2.    Post-Employment Cooperation. For the nine-month period following the Separation Date, Employee agrees to cooperate with and assist the Company and Releasees, including but not limited to providing prompt, accurate and complete responses to questions, producing requested documents, submitting requested declarations attesting to facts known by the Employee, and preparing for, submitting to and attending any deposition or trial in which their testimony is requested by the Company in any action against the Company. The Company will pay Employee the hourly rate of Four Hundred Dollars ($400.00) per hour, plus reasonable and necessary expenses for any services or travel after the Separation Date upon Employee’s submission of invoices and receipts for any and all pre-approved services and expenses.

3.    Equity. The Parties agree that the number of shares of Company common stock subject to Equity Awards that will vest or have vested as of the Separation Date will be as follows:

(a)    As of December 31, 2022, Employee will have vested in:

(i)    the Options reflected on Exhibit A (the “Vested Options”) and no more, and has no right or entitlement to any other Options.

(ii)    the RSUs reflected on Exhibit A (the “Vested RSUs”) and no more, and has no right or entitlement to any other RSUs.

(b)    Employee will have until September 30, 2023 to exercise any Vested Options or such earlier date as may be set forth in the Amended and Restated 2011 Equity Incentive Plan in connection with a Corporation Transaction (as defined thereunder) (the “Exercise Date”).
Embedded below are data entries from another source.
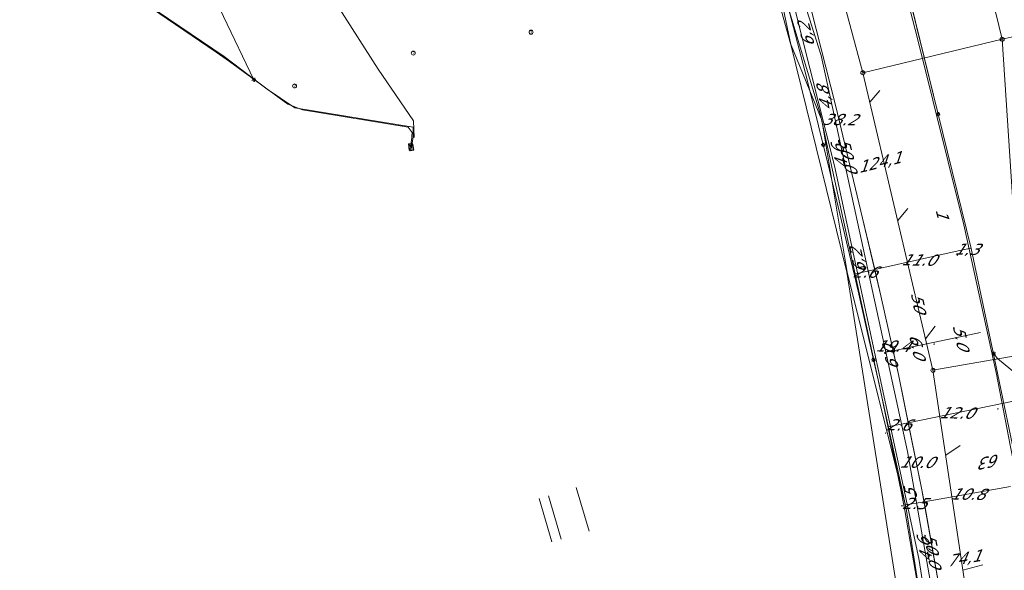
# Model space of a CAD drawing. Header units: metres. Extents: x 124576 to 133557, y 395865 to 402386.
# Tile 11 of 256: x 124777 to 124899, y 396168 to 396236. Entities that reach past the tile are written whole.
import ezdxf
from ezdxf.enums import TextEntityAlignment as Align

# ---------------------------------------------------------------- set-up
doc = ezdxf.new("R2010")
doc.units = ezdxf.units.M
doc.header["$MEASUREMENT"] = 0
for name, color, linetype, lineweight, true_color in [('LG_Datatransport_Eurofiber_Nederland_BV', 3, 'Continuous', 13, 0x00ff00), ('LG_Datatransport_KPN_BV', 3, 'Continuous', 13, 0x00ff00), ('LG_Gas_Lage_Druk_Enexis_Netbeheer_BV', 7, 'Continuous', 13, 0xffdc7d), ('LG_Gas_Lage_Druk_P_Enexis_Netbeheer_BV', 7, 'Continuous', 13, 0xffdc7d), ('LG_Laag_Spanning_Enexis_Netbeheer_BV', 7, 'Continuous', 13, 0x960000), ('LG_Laag_Spanning_Gemeente_Tilburg_Ruimtelijke_Uitvoering', 7, 'Continuous', 13, 0x960000), ('LG_Midden_Spanning_Enexis_Netbeheer_BV', 7, 'Continuous', 13, 0xd20000), ('LG_Riool_Vrij_Verval_Gemeente_Tilburg_Ruimtelijke_Uitvoering', 7, 'Continuous', 13, 0xca00a0), ('LG_unet-4_Brabant_Water', 5, 'Continuous', 13, 0x0000ff)]:
    doc.layers.add(name, color=color, linetype=linetype, lineweight=lineweight, true_color=true_color)
for name, color, linetype, lineweight in [('LG_Laag_Spanning_P_Enexis_Netbeheer_BV', 7, 'Continuous', 0), ('LG_Riool_Vrij_Verval_P_Gemeente_Gilze_en_Rijen', 7, 'Continuous', 0), ('LG_Riool_Vrij_Verval_P_Gemeente_Tilburg_Ruimtelijke_Uitvoering', 7, 'Continuous', 0), ('MV_Datatransport', 7, 'Continuous', 0), ('MV_Laag_Spanning', 7, 'Continuous', 0), ('MV_Laag_Spanning_pijl', 7, 'Continuous', 0), ('MV_Midden_Spanning', 7, 'Continuous', 0), ('MV_Midden_Spanning_pijl', 7, 'Continuous', 0)]:
    doc.layers.add(name, color=color, linetype=linetype, lineweight=lineweight)
doc.styles.add('Klic_Annotatie', font='verdanai.ttf', dxfattribs={"oblique": 20, "height": 1.4})

# ---------------------------------------------------------------- blocks, each defined once
blk = doc.blocks.new('DeliveryPoint')
at = {"layer": 'LG_Laag_Spanning_P_Enexis_Netbeheer_BV', "flags": 128}
blk.add_lwpolyline([(-3.7, -2.5), (3.8, -2.5), (3.8, 2.5), (-3.7, 2.5), (-3.7, -2.5)], close=True, dxfattribs=at)
blk.add_lwpolyline([(-3.7, 2.5), (-3.7, 2.2), (0, 0), (3.8, 2.2)], dxfattribs=at)
blk = doc.blocks.new('Streetlight')
at = {"layer": 'LG_Laag_Spanning_P_Enexis_Netbeheer_BV'}
for p, q in [((-1.8, 1.8), (-1.1, 1.1)), ((0, 2.5), (0, 1.5)), ((1.8, 1.8), (1.1, 1.1)), ((-1.1, -1.1), (-1.8, -1.8)), ((0, -1.5), (0, -2.5)), ((1.1, -1.1), (1.8, -1.8))]:
    blk.add_line(p, q, dxfattribs=at)
at = {"layer": 'LG_Laag_Spanning_P_Enexis_Netbeheer_BV', "flags": 128}
for points in [[(-2.5, 0), (-1.5, 0)], [(1.5, 0), (2.5, 0)]]:
    blk.add_lwpolyline(points, dxfattribs=at)
at = {"layer": 'LG_Laag_Spanning_P_Enexis_Netbeheer_BV'}
blk.add_circle((0, 0), 1.5, dxfattribs=at)
blk = doc.blocks.new('DeliveryPoint_1')
at = {"layer": 'LG_Gas_Lage_Druk_P_Enexis_Netbeheer_BV', "flags": 128}
blk.add_lwpolyline([(-3.8, -2.5), (3.8, -2.5), (3.8, 2.5), (-3.8, 2.5), (-3.8, -2.5)], close=True, dxfattribs=at)
blk.add_lwpolyline([(-3.8, 2.5), (-3.8, 2.2), (0, 0), (3.8, 2.2)], dxfattribs=at)
blk = doc.blocks.new('m_pijl')
at = {"layer": 'MV_Laag_Spanning_pijl'}
blk.add_hatch(color=7, dxfattribs=at).paths.add_polyline_path([(-1, -0.3), (-1, 0), (-1, 0.3), (0, 0)])
at = {"layer": 'MV_Laag_Spanning_pijl', "flags": 128}
blk.add_lwpolyline([(-1, 0), (-1, 0.3), (0, 0), (-1, -0.3), (-1, 0)], close=True, dxfattribs=at)
blk = doc.blocks.new('m_pijl_1')
at = {"layer": 'MV_Midden_Spanning_pijl'}
blk.add_hatch(color=7, dxfattribs=at).paths.add_polyline_path([(-1, -0.3), (-1, 0), (-1, 0.3), (0, 0)])
at = {"layer": 'MV_Midden_Spanning_pijl', "flags": 128}
blk.add_lwpolyline([(-1, 0), (-1, 0.3), (0, 0), (-1, -0.3), (-1, 0)], close=True, dxfattribs=at)
blk = doc.blocks.new('Onbekend_12')
at = {"layer": 'LG_Riool_Vrij_Verval_P_Gemeente_Gilze_en_Rijen'}
blk.add_hatch(color=256, dxfattribs=at).paths.add_polyline_path([(-0.3, -1.1, -0.262633), (0.2, 0.2), (0.6, 0.5, 0.379827), (0.7, 1.3), (0.7, 1.3, 0.228508), (0, 1.5), (0, 1.5, 0.459053), (-0.8, 0.8), (-1.3, 0.9, -0.414214), (-0.1, 2, -0.243799), (1.1, 1.5, -0.379827), (0.9, 0.1), (0.5, -0.2, 0.262633), (0.2, -1.1), (-0.2, -1.1)])
blk.add_circle((0, 0), 2.5, dxfattribs=at)
at = {"layer": 'LG_Riool_Vrij_Verval_P_Gemeente_Gilze_en_Rijen', "extrusion": (0, 0, -1)}
blk.add_solid([(0.3, -2.1), (-0.2, -2.1), (0.3, -1.5), (-0.2, -1.5)], dxfattribs=at)
blk = doc.blocks.new('Onbekend_2')
at = {"layer": 'LG_Riool_Vrij_Verval_P_Gemeente_Tilburg_Ruimtelijke_Uitvoering'}
blk.add_hatch(color=256, dxfattribs=at).paths.add_polyline_path([(-0.3, -1.1, -0.262633), (0.2, 0.2), (0.6, 0.5, 0.379827), (0.7, 1.3), (0.7, 1.3, 0.228508), (0, 1.5), (0, 1.5, 0.459053), (-0.8, 0.8), (-1.3, 0.9, -0.414214), (-0.1, 2, -0.243799), (1.1, 1.5, -0.379827), (0.9, 0.1), (0.5, -0.2, 0.262633), (0.2, -1.1), (-0.2, -1.1)])
blk.add_circle((0, 0), 2.5, dxfattribs=at)
at = {"layer": 'LG_Riool_Vrij_Verval_P_Gemeente_Tilburg_Ruimtelijke_Uitvoering', "extrusion": (0, 0, -1)}
blk.add_solid([(0.3, -2.1), (-0.2, -2.1), (0.3, -1.5), (-0.2, -1.5)], dxfattribs=at)

msp = doc.modelspace()

# ---------------------------------------------------------------- linework, layer by layer
at = {"layer": 'LG_Datatransport_Eurofiber_Nederland_BV', "flags": 128}
for points in [[(124842.8, 396356.9), (124856, 396313), (124843.8, 396300.1), (124850.4, 396277.1), (124856.86, 396271.38), (124860.84, 396273.81), (124866.43, 396254.41), (124872.3, 396233.2), (124876.2, 396223.7), (124879.3, 396204.9), (124886.6, 396175.7), (124894.5, 396125.4), (124894.6, 396108.1), (124894, 396079), (124891.8, 396028), (124888.1, 396012), (124887.4, 396007.2), (124884.3, 395991.4), (124883.5, 395982.4), (124884.34, 395963.77), (124886, 395932.2), (124882.82, 395911)], [(124856.88, 396271.35), (124860.84, 396273.81), (124866.43, 396254.41), (124872.3, 396233.2), (124876.2, 396223.7), (124879.3, 396204.9), (124886.6, 396175.7), (124894.5, 396125.4), (124894.6, 396108.1), (124894, 396079), (124891.8, 396028), (124888.1, 396012), (124887.4, 396007.2), (124884.3, 395991.4), (124883.5, 395982.4), (124884.34, 395963.77), (124886, 395932.2), (124882.82, 395911)], [(124856.89, 396271.36), (124860.84, 396273.81), (124866.43, 396254.41), (124872.3, 396233.2), (124876.2, 396223.7), (124879.3, 396204.9), (124886.6, 396175.7), (124894.5, 396125.4), (124894.6, 396108.1), (124894, 396079), (124891.8, 396028), (124888.1, 396012), (124887.4, 396007.2), (124884.3, 395991.4), (124883.5, 395982.4), (124884.34, 395963.77), (124886, 395932.2), (124882.82, 395911)]]:
    msp.add_lwpolyline(points, dxfattribs=at)
at = {"layer": 'LG_Datatransport_KPN_BV', "flags": 128}
for points in [[(124871.94, 396251.91), (124869.98, 396248.85), (124870.65, 396246.17), (124877.76, 396218.06), (124888.19, 396169.5), (124892.96, 396139.15), (124893.29, 396133.4), (124894.01, 396121.16), (124893.94, 396113.51), (124894.27, 396110.73), (124894.59, 396108.1), (124895.04, 396104.36), (124896.56, 396103.87), (124899.42, 396102.93), (124899.13, 396098.37), (124896.7, 396059.08), (124896.67, 396058.55), (124896.64, 396058.41), (124891.37, 396028.89), (124887.43, 396006.82), (124885.81, 396000.15)], [(124904.71, 396181.99), (124899.87, 396181.47), (124899.52, 396183.3), (124897.74, 396192.52), (124893.75, 396210.78), (124887.98, 396233.95), (124885.05, 396245.24), (124884.92, 396248.46)], [(124869.87, 396244.82), (124872.34, 396233.06), (124879.28, 396204.91), (124894.26, 396110.17), (124894.59, 396108.1), (124894.6, 396108.05), (124896.56, 396103.87), (124899.13, 396098.37), (124899.99, 396096.55), (124896.7, 396059.08), (124896.64, 396058.41), (124896.62, 396058.15), (124891.36, 396028.78)], [(124891.36, 396028.78), (124891.37, 396028.89), (124893.7, 396078.77), (124894.26, 396110.17), (124894.27, 396110.73), (124894.54, 396125.53), (124893.29, 396133.4), (124886.62, 396175.67), (124875.97, 396224.54), (124869.87, 396244.82)]]:
    msp.add_lwpolyline(points, dxfattribs=at)
at = {"layer": 'LG_Gas_Lage_Druk_Enexis_Netbeheer_BV', "flags": 128}
msp.add_lwpolyline([(124776.94, 396254.17), (124779.2, 396253.42), (124780.39, 396252.48), (124781.28, 396251.25), (124784.07, 396245.71), (124785.15, 396244.05), (124785.71, 396243.38), (124787.15, 396242.02), (124790.67, 396239.42), (124792.3, 396238.26), (124801.34, 396232.09), (124802.97, 396230.94), (124810.2, 396225.7), (124812, 396224.96), (124825.04, 396222.85), (124825.55, 396222.19), (124825.51, 396221.73), (124825.49, 396221.52), (124825.46, 396221.3), (124825.38, 396220.41)], dxfattribs=at)
at = {"layer": 'LG_Laag_Spanning_Enexis_Netbeheer_BV'}
for p, q in [((124890.57, 396224.44), (124885.52, 396244.96)), ((124890.57, 396224.44), (124885.52, 396244.96)), ((124897.31, 396195.2), (124897.43, 396194.83)), ((124900.75, 396178.79), (124897.31, 396195.2))]:
    msp.add_line(p, q, dxfattribs=at)
at = {"layer": 'LG_Laag_Spanning_Enexis_Netbeheer_BV', "flags": 128}
for points in [[(124900.75, 396178.79), (124897.31, 396195.2), (124894.65, 396207.83), (124890.57, 396224.44), (124885.52, 396244.96), (124883.95, 396251.35), (124882.67, 396256.54), (124877.83, 396270.89)], [(124743.87, 396246.11), (124760.74, 396250.45), (124775.02, 396253.91), (124776.97, 396253.85), (124778.83, 396253.22), (124780.24, 396252.24), (124781.36, 396250.93), (124784.55, 396244.84), (124786.38, 396242.72), (124791.37, 396239.02), (124802.31, 396231.57), (124807.63, 396227.54), (124811.04, 396225.24), (124825.67, 396222.82), (124825.68, 396221.6), (124825.64, 396221.38), (124825.46, 396220.31)], [(124869.46, 396247.48), (124874.1, 396229.8), (124874.59, 396227.86), (124876.36, 396220.65)], [(124869.46, 396247.48), (124874.1, 396229.8), (124874.59, 396227.86), (124876.36, 396220.65)], [(124799.56, 396244.36), (124800.23, 396240.69), (124802.24, 396236.52), (124805.99, 396228.7)], [(124799.56, 396244.36), (124800.23, 396240.69), (124802.24, 396236.52), (124805.99, 396228.7)], [(124897.43, 396194.83), (124897.31, 396195.2), (124894.65, 396207.83), (124890.57, 396224.44)], [(124897.31, 396195.2), (124894.65, 396207.83), (124890.57, 396224.44)], [(124876.36, 396220.65), (124876.96, 396218.23), (124877.42, 396216.29), (124880.22, 396204.49), (124880.67, 396202.54), (124882.57, 396194.05)], [(124876.36, 396220.65), (124876.96, 396218.23), (124877.42, 396216.29), (124880.22, 396204.49), (124880.67, 396202.54), (124882.57, 396194.05)], [(124882.57, 396194.05), (124883.25, 396191.05), (124883.67, 396189.09), (124886.07, 396177.39), (124886.44, 396175.42), (124888.16, 396165.38), (124888.48, 396163.41), (124888.64, 396162.36)], [(124882.57, 396194.05), (124883.25, 396191.05), (124883.67, 396189.09), (124886.07, 396177.39), (124886.44, 396175.42), (124888.16, 396165.38), (124888.48, 396163.41), (124888.64, 396162.36)], [(124897.43, 396194.83), (124897.89, 396194.24), (124901.66, 396191.16), (124902.57, 396189.53), (124903.75, 396180.8), (124904.27, 396178.89), (124907.4, 396171.47), (124907.88, 396169.55), (124908.19, 396165.85), (124908.38, 396163.72), (124908.51, 396161.72), (124909.48, 396141.62), (124909.55, 396139.62), (124909.59, 396136.87), (124909.81, 396122.82), (124909.56, 396120.85), (124908.99, 396118.75)], [(124897.43, 396194.83), (124897.89, 396194.24), (124901.66, 396191.16), (124902.57, 396189.53), (124903.75, 396180.8), (124904.27, 396178.89), (124907.4, 396171.47), (124907.88, 396169.55), (124908.19, 396165.85), (124908.38, 396163.72), (124908.51, 396161.72), (124909.48, 396141.62), (124909.55, 396139.62), (124909.59, 396136.87), (124909.81, 396122.82), (124909.56, 396120.85), (124908.99, 396118.75)]]:
    msp.add_lwpolyline(points, dxfattribs=at)
at = {"layer": 'LG_Laag_Spanning_Gemeente_Tilburg_Ruimtelijke_Uitvoering'}
for p, q in [((124845.83, 396178.28), (124847.42, 396172.9)), ((124841.23, 396176.92), (124842.81, 396171.55)), ((124842.38, 396177.26), (124843.97, 396171.89))]:
    msp.add_line(p, q, dxfattribs=at)
at = {"layer": 'LG_Midden_Spanning_Enexis_Netbeheer_BV', "flags": 128}
for points in [[(124890.91, 396159.28), (124886.78, 396182.74), (124876.12, 396231.7), (124870.16, 396250.35), (124866.09, 396258.78), (124866.5, 396260.22), (124868.06, 396261.21), (124868.25, 396262.5), (124866.81, 396264.18), (124856.24, 396275.06), (124853.75, 396275.74), (124852.19, 396275.32)], [(124890.91, 396159.28), (124886.78, 396182.74), (124876.12, 396231.7), (124870.16, 396250.35), (124866.09, 396258.78), (124866.5, 396260.22), (124868.06, 396261.21), (124868.25, 396262.5), (124866.81, 396264.18), (124856.24, 396275.06), (124853.75, 396275.74), (124852.19, 396275.32)], [(124890.91, 396159.28), (124886.78, 396182.74), (124876.12, 396231.7), (124870.16, 396250.35), (124866.09, 396258.78), (124866.5, 396260.22), (124868.06, 396261.21), (124868.25, 396262.5), (124866.81, 396264.18), (124856.24, 396275.06), (124853.75, 396275.74), (124852.19, 396275.32)], [(124890.91, 396159.28), (124886.78, 396182.74), (124876.12, 396231.7), (124870.16, 396250.35), (124866.09, 396258.78), (124866.5, 396260.22), (124868.06, 396261.21), (124868.25, 396262.5), (124866.81, 396264.18), (124856.24, 396275.06), (124853.75, 396275.74), (124852.19, 396275.32)], [(124890.91, 396159.28), (124886.78, 396182.74), (124876.12, 396231.7), (124870.16, 396250.35), (124866.09, 396258.78), (124866.5, 396260.22), (124868.06, 396261.21), (124868.25, 396262.5), (124866.81, 396264.18), (124856.24, 396275.06), (124853.75, 396275.74), (124852.19, 396275.32)], [(124890.91, 396159.28), (124886.78, 396182.74), (124876.12, 396231.7), (124870.16, 396250.35), (124866.09, 396258.78), (124866.5, 396260.22), (124868.06, 396261.21), (124868.25, 396262.5), (124866.81, 396264.18), (124856.24, 396275.06), (124853.75, 396275.74), (124852.19, 396275.32)], [(124890.91, 396159.28), (124886.78, 396182.74), (124876.12, 396231.7), (124870.16, 396250.35), (124866.09, 396258.78), (124866.5, 396260.22), (124868.06, 396261.21), (124868.25, 396262.5), (124866.81, 396264.18), (124856.24, 396275.06), (124853.75, 396275.74), (124852.19, 396275.32)], [(124890.91, 396159.28), (124886.78, 396182.74), (124876.12, 396231.7), (124870.16, 396250.35), (124866.09, 396258.78), (124866.5, 396260.22), (124868.06, 396261.21), (124868.25, 396262.5), (124866.81, 396264.18), (124856.24, 396275.06), (124853.75, 396275.74), (124852.19, 396275.32)], [(124852.19, 396275.32), (124853.75, 396275.74), (124856.24, 396275.06), (124866.81, 396264.18), (124868.25, 396262.5), (124868.06, 396261.21), (124866.5, 396260.22), (124866.09, 396258.78), (124870.16, 396250.35), (124876.12, 396231.7), (124886.78, 396182.74), (124890.91, 396159.28), (124891.07, 396158.29), (124894.52, 396133.4), (124897.44, 396096.58), (124897.56, 396086.27), (124896.95, 396035.96), (124892.6, 396010.67)]]:
    msp.add_lwpolyline(points, dxfattribs=at)
at = {"layer": 'LG_Riool_Vrij_Verval_Gemeente_Tilburg_Ruimtelijke_Uitvoering'}
for p, q in [((124892, 396260.68), (124898.47, 396233.7)), ((124874.11, 396256.37), (124881.25, 396229.56)), ((124898.47, 396233.7), (124908.27, 396235.97)), ((124881.25, 396229.56), (124898.47, 396233.7)), ((124898.47, 396233.7), (124901.02, 396194.71)), ((124881.25, 396229.56), (124889.91, 396192.77)), ((124882.1, 396225.92), (124883.34, 396227.38)), ((124885.55, 396211.27), (124886.82, 396212.8)), ((124888.99, 396196.65), (124890.21, 396198.25)), ((124889.91, 396192.77), (124901.02, 396194.71)), ((124889.91, 396192.77), (124900.93, 396119.61)), ((124891.49, 396182.29), (124893.3, 396183.49)), ((124893.63, 396168.05), (124896.08, 396168.72))]:
    msp.add_line(p, q, dxfattribs=at)
at = {"layer": 'LG_unet-4_Brabant_Water', "flags": 128}
msp.add_lwpolyline([(124830.39, 396254.8), (124814, 396250.91), (124813.2, 396250.09), (124815.57, 396239.07), (124821.36, 396230.02), (124825.73, 396223.62), (124825.81, 396221.57)], dxfattribs=at)
at = {"layer": 'MV_Laag_Spanning_pijl'}
for p, q in [((124882.72, 396205.22), (124893.42, 396207.61)), ((124893.42, 396207.61), (124894.64, 396207.89)), ((124880.18, 396204.65), (124882.72, 396205.22)), ((124898.66, 396188.73), (124902.57, 396189.53)), ((124886.87, 396186.29), (124898.66, 396188.73)), ((124886.87, 396186.29), (124884.35, 396185.77)), ((124888.82, 396176.53), (124899.5, 396178.42)), ((124888.82, 396176.53), (124886.32, 396176.09))]:
    msp.add_line(p, q, dxfattribs=at)
at = {"layer": 'MV_Laag_Spanning_pijl', "flags": 128}
for points in [[(124882.72, 396205.22), (124881.23, 396211.59), (124877.92, 396225.38), (124874.85, 396237.39), (124873.57, 396242.28)], [(124886.87, 396186.29), (124885.66, 396192.24), (124883.48, 396201.98), (124882.72, 396205.22)], [(124888.82, 396176.53), (124888.56, 396177.99), (124886.87, 396186.29)], [(124893.61, 396145.93), (124893.12, 396149.83), (124891.04, 396163.88), (124888.82, 396176.53)]]:
    msp.add_lwpolyline(points, dxfattribs=at)
at = {"layer": 'MV_Midden_Spanning_pijl'}
for p, q in [((124890.92, 396196.42), (124885, 396195.19)), ((124895.8, 396197.44), (124890.92, 396196.42)), ((124885, 396195.19), (124884.11, 396195))]:
    msp.add_line(p, q, dxfattribs=at)
at = {"layer": 'MV_Midden_Spanning_pijl', "flags": 128}
for points in [[(124885, 396195.19), (124883.48, 396201.98), (124881.23, 396211.59), (124877.92, 396225.38), (124874.85, 396237.39), (124873.18, 396243.77)], [(124893.61, 396145.92), (124893.12, 396149.83), (124891.04, 396163.88), (124888.56, 396177.99), (124885.66, 396192.24), (124885.01, 396195.16)]]:
    msp.add_lwpolyline(points, dxfattribs=at)

# ---------------------------------------------------------------- block references
at = {"layer": 'LG_Gas_Lage_Druk_P_Enexis_Netbeheer_BV', "xscale": 0.1, "yscale": 0.1, "zscale": 0.1, "rotation": 95}
msp.add_blockref('DeliveryPoint_1', (124825.38, 396220.41), dxfattribs=at)
at = {"layer": 'LG_Laag_Spanning_P_Enexis_Netbeheer_BV'}
for name, p, xscale, yscale, zscale, rotation in [('Streetlight', (124805.99, 396228.7), 0.1, 0.1, 0.1, 64), ('Streetlight', (124890.57, 396224.44), 0.1, 0.1, 0.1, 256), ('DeliveryPoint', (124825.46, 396220.31), 0.09999999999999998, 0.09999999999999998, 0.09999999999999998, 100), ('Streetlight', (124876.36, 396220.65), 0.1, 0.1, 0.1, 77.00000000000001), ('Streetlight', (124882.57, 396194.05), 0.1, 0.1, 0.1, 81), ('Streetlight', (124897.43, 396194.83), 0.1, 0.1, 0.1, 78)]:
    msp.add_blockref(name, p, dxfattribs=dict(at, xscale=xscale, yscale=yscale, zscale=zscale, rotation=rotation))
at = {"layer": 'LG_Riool_Vrij_Verval_P_Gemeente_Gilze_en_Rijen', "xscale": 0.1, "yscale": 0.1, "zscale": 0.1}
for p in [(124840.24, 396234.58), (124825.69, 396232), (124811.01, 396227.93)]:
    msp.add_blockref('Onbekend_12', p, dxfattribs=at)
at = {"layer": 'LG_Riool_Vrij_Verval_P_Gemeente_Tilburg_Ruimtelijke_Uitvoering', "xscale": 0.1, "yscale": 0.1, "zscale": 0.1}
for p in [(124898.47, 396233.7), (124881.25, 396229.56), (124889.91, 396192.77)]:
    msp.add_blockref('Onbekend_2', p, dxfattribs=at)
at = {"layer": 'MV_Laag_Spanning_pijl'}
for p, xscale, yscale, zscale, rotation in [((124893, 396207), 0.1, 0.1, 0.1, 12), ((124894, 396207), 0.1, 0.1, 0.1, 12), ((124882, 396205), 0.1, 0.1, 0.1, 12), ((124882, 396205), 0.09999999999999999, 0.09999999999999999, 0.09999999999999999, 103), ((124898, 396188), 0.1, 0.1, 0.1, 11), ((124886, 396186), 0.1, 0.1, 0.1, 101), ((124884, 396185), 0.1, 0.1, 0.1, 192), ((124886, 396176), 0.1, 0.1, 0.1, 191), ((124888, 396176), 0.1, 0.1, 0.1, 99.00000000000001)]:
    msp.add_blockref('m_pijl', p, dxfattribs=dict(at, xscale=xscale, yscale=yscale, zscale=zscale, rotation=rotation))
at = {"layer": 'MV_Midden_Spanning_pijl', "xscale": 0.1, "yscale": 0.1, "zscale": 0.1}
for p, rotation in [((124890, 396196), 192), ((124884, 396195), 192), ((124885, 396195), 102), ((124885, 396195), 192)]:
    msp.add_blockref('m_pijl_1', p, dxfattribs=dict(at, rotation=rotation))

# ---------------------------------------------------------------- texts
at = {"layer": 'MV_Datatransport', "style": 'Klic_Annotatie', "oblique": 20}
for s, rotation, p in [('6,2', 104.3, (124874.29, 396234.18)), ('4,8', 100.7, (124876.55, 396226.29)), ('4,6', 103.8, (124878.44, 396219.06)), ('124,1', 13.8, (124883.23, 396218.47)), ('1', 284, (124891.04, 396212.25)), ('6,2', 102.5, (124880.68, 396206.22)), ('50', 281.3, (124888.1, 396201.25)), ('63', 191.4, (124897.15, 396181.5)), ('5', 101.1, (124887.19, 396177.43)), ('4,6', 99.7, (124888.94, 396170.45)), ('74,1', 9.7, (124893.67, 396169.53))]:
    msp.add_text(s, height=1.4, rotation=rotation, dxfattribs=at).set_placement(p, align=Align.MIDDLE_CENTER)
at = {"layer": 'MV_Laag_Spanning', "style": 'Klic_Annotatie', "oblique": 20}
for s, p in [('38.2', (124878.3, 396223.78)), ('1.3', (124894.03, 396207.75)), ('11.0', (124888.07, 396206.42)), ('2.6', (124881.45, 396204.93)), ('19.4', (124884.87, 396195.77)), ('12.0', (124892.77, 396187.51)), ('2.6', (124885.61, 396186.03)), ('10.0', (124887.86, 396181.42)), ('10.8', (124894.16, 396177.47)), ('2.5', (124887.57, 396176.31))]:
    msp.add_text(s, height=1.4, rotation=359, dxfattribs=at).set_placement(p, align=Align.MIDDLE_CENTER)
at = {"layer": 'MV_Midden_Spanning', "style": 'Klic_Annotatie', "oblique": 20}
for s, rotation, p in [('50.0', 284, (124879.32, 396219.53)), ('5.0', 282, (124893.36, 396196.93)), ('0.9', 282, (124884.55, 396195.09)), ('6.0', 282, (124887.96, 396195.81)), ('50.0', 280, (124889.85, 396170.63))]:
    msp.add_text(s, height=1.4, rotation=rotation, dxfattribs=at).set_placement(p, align=Align.MIDDLE_CENTER)

doc.saveas('drawing.dxf')

To the extent that any Option is intended to be an incentive stock option (“ISO”) under Section 422 of the Internal Revenue Code of 1986, as amended (the “Code”), Employee acknowledges and agrees that (a) the foregoing extension of the Options’ post-service exercisability periods is a “modification” of such Option for purposes of its qualification as an ISO, and (b) in such case, such Option will to cease to be an ISO and instead be treated as a non- statutory stock option (“NSO”), and will be subject to all applicable tax withholdings upon exercise. Employee is advised to consult with Employee’s tax or other adviser with respect to the tax consequences of this amendment to the Options. Except as modified herein, the exercise of the Vested Options shall continue to be governed by the terms and conditions of the applicable Marqeta, Inc 2011 Equity Incentive Plan and Stock Option Agreements between the Company and Employee (the “Stock Agreements”). Nothing in this Agreement shall interfere with, forfeit or waive any of Employee’s rights with respect to any of the Vested Options or Vested RSUs as set forth in Exhibit A.
4.    Benefits. Employee’s health insurance benefits shall cease on the last day of December 2022, subject to Employee’s right to continue Employee’s health insurance under COBRA and/or Cal-COBRA. Employee’s participation in all other benefits and incidents of employment shall cease as of the Separation Date.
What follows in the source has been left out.